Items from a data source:
========================================================================

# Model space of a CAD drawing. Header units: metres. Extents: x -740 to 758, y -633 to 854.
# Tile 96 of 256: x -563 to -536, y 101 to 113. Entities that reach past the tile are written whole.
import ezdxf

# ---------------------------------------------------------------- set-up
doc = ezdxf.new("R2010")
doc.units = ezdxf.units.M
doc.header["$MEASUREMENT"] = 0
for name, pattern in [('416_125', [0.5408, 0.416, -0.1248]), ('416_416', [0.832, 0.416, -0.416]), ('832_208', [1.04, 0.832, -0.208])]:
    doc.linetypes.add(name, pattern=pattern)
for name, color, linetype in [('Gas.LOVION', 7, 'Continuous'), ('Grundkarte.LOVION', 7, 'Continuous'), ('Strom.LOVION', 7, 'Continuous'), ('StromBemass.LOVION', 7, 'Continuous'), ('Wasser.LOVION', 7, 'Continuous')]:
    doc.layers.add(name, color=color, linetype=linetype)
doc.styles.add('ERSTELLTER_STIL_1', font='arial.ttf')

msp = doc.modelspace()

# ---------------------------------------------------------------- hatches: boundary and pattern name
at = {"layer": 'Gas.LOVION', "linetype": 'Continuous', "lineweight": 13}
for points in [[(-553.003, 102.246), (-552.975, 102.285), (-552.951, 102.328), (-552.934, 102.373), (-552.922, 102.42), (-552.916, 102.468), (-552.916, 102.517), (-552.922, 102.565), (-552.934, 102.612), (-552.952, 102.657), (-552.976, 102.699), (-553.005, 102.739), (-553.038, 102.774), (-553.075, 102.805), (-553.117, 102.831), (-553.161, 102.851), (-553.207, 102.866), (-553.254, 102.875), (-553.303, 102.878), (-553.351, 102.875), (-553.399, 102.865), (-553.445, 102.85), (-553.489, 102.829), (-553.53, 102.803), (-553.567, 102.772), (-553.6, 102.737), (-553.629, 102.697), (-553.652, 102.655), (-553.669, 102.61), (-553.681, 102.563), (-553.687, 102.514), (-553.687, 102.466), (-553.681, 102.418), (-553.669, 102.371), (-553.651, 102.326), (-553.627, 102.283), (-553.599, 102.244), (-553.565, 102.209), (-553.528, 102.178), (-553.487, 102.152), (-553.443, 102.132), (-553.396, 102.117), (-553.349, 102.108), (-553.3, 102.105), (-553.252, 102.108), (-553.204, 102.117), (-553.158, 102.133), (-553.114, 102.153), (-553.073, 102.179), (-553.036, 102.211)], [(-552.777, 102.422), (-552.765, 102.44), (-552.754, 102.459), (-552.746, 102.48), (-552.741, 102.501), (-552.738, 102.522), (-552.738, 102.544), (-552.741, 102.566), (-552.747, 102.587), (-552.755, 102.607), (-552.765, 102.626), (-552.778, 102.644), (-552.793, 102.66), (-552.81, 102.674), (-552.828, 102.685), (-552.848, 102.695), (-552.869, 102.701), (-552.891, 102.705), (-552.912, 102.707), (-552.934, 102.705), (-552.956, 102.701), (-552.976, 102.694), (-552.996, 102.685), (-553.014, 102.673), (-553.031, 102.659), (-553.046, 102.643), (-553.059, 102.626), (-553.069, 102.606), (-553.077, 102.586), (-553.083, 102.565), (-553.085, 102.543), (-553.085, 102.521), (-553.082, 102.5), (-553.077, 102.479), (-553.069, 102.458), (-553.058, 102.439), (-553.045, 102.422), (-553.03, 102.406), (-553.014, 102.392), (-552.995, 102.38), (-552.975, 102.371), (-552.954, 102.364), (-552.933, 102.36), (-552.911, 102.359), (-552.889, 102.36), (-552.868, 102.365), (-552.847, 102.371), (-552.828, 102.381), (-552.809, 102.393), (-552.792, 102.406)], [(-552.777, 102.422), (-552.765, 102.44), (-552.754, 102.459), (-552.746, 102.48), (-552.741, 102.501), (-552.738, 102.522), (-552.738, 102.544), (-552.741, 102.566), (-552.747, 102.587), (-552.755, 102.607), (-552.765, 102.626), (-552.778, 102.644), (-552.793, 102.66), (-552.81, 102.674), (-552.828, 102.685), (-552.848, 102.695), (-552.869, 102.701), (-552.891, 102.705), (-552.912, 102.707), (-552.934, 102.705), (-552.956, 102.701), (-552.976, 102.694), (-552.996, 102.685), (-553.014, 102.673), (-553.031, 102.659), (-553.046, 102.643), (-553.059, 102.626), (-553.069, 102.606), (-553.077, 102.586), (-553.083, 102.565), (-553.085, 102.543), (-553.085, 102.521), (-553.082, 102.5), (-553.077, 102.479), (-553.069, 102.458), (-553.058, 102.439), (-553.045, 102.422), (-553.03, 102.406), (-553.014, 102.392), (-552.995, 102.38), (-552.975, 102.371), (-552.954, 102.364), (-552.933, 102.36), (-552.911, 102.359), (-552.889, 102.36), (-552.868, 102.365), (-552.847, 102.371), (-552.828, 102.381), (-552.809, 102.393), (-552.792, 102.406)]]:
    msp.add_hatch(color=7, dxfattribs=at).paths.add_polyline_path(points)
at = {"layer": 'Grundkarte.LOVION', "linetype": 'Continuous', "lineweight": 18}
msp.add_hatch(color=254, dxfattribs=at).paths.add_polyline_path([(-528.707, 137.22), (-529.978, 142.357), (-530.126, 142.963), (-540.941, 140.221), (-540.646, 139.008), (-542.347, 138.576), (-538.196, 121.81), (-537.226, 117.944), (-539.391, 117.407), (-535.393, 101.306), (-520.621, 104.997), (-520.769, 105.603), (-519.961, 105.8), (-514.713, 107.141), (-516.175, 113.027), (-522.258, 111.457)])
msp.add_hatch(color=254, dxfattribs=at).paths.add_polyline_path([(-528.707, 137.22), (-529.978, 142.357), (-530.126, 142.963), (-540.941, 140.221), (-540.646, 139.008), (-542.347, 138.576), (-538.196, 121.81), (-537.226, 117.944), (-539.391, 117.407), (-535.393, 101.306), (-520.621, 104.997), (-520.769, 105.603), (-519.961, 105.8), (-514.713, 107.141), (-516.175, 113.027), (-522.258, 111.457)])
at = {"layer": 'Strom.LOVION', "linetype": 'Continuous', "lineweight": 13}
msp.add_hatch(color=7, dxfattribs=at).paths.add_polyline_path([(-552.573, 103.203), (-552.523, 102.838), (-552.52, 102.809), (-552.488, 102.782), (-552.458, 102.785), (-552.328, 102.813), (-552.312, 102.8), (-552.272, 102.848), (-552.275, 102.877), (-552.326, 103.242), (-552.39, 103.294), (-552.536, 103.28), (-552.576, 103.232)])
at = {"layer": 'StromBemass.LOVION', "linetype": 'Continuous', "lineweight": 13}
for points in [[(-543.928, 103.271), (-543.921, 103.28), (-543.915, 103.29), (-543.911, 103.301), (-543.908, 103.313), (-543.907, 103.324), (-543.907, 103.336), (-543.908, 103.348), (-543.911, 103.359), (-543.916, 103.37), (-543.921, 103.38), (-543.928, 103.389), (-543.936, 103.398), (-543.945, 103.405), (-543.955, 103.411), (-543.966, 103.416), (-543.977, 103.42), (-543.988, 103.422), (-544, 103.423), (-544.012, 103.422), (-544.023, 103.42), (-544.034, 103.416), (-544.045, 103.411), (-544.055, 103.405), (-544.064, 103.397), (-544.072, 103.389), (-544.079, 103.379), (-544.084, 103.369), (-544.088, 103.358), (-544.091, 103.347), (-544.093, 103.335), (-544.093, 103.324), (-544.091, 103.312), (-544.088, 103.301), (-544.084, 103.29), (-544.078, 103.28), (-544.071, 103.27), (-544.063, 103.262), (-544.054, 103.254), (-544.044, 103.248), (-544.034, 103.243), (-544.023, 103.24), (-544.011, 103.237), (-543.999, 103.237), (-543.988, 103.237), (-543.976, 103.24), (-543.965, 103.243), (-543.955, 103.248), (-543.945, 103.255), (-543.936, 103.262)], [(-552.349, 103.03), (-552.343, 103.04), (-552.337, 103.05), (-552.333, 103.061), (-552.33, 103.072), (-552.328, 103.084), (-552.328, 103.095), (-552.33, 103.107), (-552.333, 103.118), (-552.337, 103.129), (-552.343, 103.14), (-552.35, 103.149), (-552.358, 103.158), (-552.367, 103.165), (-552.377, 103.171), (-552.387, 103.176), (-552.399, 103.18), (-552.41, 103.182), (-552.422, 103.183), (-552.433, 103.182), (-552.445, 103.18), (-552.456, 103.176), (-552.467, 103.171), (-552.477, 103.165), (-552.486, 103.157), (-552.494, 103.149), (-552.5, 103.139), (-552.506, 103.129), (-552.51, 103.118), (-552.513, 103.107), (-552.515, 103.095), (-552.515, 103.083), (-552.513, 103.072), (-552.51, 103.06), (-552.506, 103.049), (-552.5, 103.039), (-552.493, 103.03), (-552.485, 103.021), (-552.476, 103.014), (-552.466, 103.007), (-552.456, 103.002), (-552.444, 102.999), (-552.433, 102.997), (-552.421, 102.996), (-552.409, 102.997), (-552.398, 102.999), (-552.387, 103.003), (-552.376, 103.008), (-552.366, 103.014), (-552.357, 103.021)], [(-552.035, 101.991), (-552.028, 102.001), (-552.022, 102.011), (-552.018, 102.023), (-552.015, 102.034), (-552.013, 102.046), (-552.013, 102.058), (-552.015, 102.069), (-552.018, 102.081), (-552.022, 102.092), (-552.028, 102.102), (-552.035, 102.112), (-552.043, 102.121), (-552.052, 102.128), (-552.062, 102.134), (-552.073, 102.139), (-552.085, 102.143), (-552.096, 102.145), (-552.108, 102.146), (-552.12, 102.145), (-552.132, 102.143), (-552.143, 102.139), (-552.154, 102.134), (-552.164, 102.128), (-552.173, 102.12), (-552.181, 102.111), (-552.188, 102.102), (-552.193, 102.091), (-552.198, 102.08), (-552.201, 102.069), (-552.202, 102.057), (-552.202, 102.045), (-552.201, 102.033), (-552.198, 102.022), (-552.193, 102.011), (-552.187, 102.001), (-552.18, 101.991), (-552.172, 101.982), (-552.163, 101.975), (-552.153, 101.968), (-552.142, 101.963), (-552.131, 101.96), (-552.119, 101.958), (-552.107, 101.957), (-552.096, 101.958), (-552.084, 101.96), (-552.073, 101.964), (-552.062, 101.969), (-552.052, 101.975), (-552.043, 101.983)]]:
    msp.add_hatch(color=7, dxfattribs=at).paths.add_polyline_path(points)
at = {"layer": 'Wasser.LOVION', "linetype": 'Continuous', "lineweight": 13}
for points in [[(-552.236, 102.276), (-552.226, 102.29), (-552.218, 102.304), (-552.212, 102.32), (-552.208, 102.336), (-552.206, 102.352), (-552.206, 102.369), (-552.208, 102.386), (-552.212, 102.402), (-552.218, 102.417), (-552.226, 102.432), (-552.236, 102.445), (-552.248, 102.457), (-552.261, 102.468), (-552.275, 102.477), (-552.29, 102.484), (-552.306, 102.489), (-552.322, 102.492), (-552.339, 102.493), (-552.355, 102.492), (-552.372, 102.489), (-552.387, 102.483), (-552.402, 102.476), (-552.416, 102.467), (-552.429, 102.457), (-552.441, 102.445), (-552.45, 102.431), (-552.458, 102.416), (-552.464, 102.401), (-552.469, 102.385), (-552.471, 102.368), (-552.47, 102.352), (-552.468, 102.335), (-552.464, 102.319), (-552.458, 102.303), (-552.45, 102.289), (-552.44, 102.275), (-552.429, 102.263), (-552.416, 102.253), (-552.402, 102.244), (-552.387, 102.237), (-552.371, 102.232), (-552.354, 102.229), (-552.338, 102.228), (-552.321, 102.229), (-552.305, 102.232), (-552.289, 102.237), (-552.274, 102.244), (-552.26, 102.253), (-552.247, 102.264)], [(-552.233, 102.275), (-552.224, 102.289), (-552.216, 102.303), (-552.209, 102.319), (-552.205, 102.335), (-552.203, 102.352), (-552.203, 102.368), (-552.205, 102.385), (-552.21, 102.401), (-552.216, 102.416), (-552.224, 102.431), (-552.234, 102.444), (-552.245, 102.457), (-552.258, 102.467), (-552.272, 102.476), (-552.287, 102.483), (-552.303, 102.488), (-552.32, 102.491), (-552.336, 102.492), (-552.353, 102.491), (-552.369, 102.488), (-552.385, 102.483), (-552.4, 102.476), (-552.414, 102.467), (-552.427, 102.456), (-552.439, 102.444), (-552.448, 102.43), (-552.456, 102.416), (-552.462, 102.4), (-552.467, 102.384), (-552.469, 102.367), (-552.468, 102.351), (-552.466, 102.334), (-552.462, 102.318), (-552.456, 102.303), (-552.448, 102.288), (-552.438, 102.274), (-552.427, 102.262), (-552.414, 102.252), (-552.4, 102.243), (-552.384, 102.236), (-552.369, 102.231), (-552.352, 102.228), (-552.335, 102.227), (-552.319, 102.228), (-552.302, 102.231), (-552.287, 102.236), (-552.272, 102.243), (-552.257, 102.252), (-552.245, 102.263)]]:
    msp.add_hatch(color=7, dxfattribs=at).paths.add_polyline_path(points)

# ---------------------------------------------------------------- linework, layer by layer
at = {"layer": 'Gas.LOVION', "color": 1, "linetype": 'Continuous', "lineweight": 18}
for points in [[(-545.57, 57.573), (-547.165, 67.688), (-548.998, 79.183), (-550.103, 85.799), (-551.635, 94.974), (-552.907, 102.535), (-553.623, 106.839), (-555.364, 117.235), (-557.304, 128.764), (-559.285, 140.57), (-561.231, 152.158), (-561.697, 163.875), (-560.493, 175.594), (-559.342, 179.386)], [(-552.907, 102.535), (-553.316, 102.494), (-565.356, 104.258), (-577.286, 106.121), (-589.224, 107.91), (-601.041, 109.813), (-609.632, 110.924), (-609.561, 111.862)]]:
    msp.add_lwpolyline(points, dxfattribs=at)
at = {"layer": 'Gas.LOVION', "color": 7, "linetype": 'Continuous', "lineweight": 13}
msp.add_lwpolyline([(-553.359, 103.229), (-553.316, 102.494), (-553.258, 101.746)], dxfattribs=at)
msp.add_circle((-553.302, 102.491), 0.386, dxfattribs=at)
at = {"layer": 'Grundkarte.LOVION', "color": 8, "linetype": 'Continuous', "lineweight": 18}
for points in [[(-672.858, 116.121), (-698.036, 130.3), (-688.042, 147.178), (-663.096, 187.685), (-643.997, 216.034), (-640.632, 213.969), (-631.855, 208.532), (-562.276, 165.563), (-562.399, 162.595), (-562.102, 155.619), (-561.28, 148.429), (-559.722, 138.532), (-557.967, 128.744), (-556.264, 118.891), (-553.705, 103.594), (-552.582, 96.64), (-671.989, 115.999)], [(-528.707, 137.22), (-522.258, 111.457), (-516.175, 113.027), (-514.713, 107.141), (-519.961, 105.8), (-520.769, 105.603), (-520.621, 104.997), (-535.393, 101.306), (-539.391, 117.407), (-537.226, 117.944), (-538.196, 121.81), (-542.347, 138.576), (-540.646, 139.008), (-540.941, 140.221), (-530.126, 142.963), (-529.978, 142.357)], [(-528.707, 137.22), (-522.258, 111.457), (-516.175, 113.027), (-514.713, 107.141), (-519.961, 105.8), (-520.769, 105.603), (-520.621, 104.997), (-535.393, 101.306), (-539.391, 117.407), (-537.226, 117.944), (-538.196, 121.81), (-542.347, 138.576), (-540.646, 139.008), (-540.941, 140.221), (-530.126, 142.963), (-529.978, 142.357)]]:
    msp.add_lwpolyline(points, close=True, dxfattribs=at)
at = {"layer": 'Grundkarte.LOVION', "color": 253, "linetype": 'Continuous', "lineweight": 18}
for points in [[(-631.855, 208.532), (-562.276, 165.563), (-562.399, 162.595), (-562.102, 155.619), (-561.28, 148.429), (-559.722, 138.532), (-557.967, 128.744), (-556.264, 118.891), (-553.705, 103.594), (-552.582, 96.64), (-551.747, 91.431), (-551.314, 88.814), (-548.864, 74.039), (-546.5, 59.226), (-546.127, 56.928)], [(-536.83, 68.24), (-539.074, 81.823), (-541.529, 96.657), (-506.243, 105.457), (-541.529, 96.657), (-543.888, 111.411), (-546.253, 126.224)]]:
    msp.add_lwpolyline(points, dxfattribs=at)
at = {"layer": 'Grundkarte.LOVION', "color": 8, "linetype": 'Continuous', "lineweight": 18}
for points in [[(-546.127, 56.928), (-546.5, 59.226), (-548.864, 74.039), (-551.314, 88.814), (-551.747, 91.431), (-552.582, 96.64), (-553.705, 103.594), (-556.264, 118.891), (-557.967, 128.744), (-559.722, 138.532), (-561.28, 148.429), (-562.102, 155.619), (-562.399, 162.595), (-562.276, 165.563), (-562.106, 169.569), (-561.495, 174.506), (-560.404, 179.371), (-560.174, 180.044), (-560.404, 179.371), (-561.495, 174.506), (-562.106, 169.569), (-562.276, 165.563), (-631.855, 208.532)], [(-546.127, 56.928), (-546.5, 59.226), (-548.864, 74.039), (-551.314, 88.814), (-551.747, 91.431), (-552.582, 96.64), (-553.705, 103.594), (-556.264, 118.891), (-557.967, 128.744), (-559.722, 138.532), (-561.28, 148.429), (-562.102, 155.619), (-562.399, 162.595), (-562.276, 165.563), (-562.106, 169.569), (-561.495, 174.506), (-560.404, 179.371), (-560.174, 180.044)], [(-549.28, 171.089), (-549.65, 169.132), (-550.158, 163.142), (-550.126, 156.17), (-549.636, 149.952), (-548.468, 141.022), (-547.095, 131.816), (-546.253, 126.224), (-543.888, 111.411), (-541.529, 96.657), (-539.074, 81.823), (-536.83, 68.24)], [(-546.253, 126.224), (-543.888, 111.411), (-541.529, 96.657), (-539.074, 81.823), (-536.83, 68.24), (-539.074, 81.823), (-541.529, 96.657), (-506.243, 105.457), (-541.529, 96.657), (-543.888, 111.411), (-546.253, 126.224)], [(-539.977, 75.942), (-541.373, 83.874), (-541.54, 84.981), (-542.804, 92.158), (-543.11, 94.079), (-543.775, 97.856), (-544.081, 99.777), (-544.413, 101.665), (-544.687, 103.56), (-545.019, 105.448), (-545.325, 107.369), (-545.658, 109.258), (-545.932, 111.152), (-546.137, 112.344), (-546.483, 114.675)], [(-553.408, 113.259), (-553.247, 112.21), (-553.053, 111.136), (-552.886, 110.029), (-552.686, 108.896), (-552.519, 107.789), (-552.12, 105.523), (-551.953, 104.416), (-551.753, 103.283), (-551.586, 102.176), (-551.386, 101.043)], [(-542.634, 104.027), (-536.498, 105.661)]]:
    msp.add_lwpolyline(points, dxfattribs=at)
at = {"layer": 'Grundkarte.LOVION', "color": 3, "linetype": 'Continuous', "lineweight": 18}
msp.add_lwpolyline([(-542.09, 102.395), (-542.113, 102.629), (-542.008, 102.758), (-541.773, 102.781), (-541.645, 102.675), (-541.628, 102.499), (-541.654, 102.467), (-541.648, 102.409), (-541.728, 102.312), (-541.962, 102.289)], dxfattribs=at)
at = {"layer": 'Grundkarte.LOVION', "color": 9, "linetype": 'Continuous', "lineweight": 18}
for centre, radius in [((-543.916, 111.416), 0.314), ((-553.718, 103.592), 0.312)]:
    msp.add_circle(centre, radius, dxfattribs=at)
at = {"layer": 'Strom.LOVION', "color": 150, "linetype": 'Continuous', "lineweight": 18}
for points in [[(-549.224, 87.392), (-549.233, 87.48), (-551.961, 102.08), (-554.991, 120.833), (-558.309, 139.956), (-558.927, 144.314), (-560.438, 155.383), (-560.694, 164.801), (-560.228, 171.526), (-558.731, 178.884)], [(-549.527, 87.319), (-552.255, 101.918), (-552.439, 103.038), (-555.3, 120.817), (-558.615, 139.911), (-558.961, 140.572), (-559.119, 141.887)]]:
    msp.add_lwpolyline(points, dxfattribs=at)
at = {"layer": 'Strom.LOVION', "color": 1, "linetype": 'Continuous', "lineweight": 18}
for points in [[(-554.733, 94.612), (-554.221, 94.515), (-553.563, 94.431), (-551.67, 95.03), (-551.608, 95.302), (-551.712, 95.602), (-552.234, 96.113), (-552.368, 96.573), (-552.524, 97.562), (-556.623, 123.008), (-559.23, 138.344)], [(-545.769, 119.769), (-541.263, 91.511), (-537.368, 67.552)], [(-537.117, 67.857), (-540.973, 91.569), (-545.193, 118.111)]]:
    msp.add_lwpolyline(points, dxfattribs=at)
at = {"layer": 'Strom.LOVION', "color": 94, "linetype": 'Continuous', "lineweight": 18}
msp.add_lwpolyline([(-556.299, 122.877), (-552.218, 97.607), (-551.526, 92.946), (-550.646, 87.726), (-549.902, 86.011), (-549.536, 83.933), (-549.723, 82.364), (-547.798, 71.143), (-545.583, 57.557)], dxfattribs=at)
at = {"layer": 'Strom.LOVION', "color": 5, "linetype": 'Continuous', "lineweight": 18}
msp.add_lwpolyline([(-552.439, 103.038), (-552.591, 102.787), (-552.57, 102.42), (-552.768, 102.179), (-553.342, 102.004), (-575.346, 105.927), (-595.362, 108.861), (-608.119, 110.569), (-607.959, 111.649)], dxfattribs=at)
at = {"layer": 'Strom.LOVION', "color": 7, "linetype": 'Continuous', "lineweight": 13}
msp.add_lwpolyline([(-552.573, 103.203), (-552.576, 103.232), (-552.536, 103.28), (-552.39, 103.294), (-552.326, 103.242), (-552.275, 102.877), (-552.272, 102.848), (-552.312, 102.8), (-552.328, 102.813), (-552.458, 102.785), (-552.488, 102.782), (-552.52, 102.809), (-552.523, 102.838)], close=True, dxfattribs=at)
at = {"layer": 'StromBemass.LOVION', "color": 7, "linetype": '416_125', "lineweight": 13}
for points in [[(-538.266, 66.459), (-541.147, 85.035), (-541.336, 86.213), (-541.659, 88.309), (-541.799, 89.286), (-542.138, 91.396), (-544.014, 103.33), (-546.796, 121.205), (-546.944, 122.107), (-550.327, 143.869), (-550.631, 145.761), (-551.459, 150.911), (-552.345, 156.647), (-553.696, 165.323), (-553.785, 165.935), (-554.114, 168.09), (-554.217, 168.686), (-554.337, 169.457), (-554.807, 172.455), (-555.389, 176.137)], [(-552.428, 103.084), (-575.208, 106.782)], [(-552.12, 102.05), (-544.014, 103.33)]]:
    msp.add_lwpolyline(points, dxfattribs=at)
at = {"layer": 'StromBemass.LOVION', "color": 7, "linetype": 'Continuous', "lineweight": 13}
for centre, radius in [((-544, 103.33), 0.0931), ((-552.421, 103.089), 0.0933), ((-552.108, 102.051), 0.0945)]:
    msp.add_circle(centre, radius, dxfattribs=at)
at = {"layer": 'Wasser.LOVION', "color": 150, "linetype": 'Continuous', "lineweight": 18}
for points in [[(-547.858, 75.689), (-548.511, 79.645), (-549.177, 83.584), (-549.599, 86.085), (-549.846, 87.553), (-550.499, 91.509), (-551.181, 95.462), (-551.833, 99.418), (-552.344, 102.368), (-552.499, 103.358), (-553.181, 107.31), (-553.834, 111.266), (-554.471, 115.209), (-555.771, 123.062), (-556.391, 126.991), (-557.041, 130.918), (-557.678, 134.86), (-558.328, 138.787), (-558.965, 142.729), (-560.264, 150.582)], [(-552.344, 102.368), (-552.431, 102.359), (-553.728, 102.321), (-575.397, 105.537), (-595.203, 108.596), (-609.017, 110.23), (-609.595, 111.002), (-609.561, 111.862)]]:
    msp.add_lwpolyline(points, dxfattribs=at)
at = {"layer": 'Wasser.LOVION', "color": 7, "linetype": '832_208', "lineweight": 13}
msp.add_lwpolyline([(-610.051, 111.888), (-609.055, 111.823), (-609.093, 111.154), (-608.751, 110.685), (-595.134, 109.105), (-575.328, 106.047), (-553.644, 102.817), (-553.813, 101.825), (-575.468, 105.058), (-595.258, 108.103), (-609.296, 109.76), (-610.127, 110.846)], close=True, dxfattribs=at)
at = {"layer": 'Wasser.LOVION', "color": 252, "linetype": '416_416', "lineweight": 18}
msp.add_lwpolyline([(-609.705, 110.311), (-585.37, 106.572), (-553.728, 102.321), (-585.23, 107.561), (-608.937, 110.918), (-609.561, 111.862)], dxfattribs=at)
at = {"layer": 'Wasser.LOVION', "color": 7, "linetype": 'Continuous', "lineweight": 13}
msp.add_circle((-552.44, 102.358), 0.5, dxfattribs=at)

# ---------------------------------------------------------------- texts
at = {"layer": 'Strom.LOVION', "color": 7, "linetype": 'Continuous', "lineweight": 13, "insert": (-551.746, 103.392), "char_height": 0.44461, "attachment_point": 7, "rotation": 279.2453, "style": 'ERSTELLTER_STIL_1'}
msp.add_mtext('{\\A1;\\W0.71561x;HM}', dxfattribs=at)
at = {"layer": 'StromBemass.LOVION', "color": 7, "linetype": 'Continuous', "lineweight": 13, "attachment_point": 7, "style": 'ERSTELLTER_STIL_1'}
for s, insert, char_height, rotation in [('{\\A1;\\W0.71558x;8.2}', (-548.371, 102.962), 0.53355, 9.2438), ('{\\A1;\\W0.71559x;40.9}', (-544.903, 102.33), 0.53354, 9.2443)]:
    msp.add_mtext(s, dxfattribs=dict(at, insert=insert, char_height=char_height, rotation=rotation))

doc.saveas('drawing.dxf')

========================================================================

* [Activity]:
Within this data, count the lines that include the string "drawing" and write the number with nothing else.

* [Answer area]:
2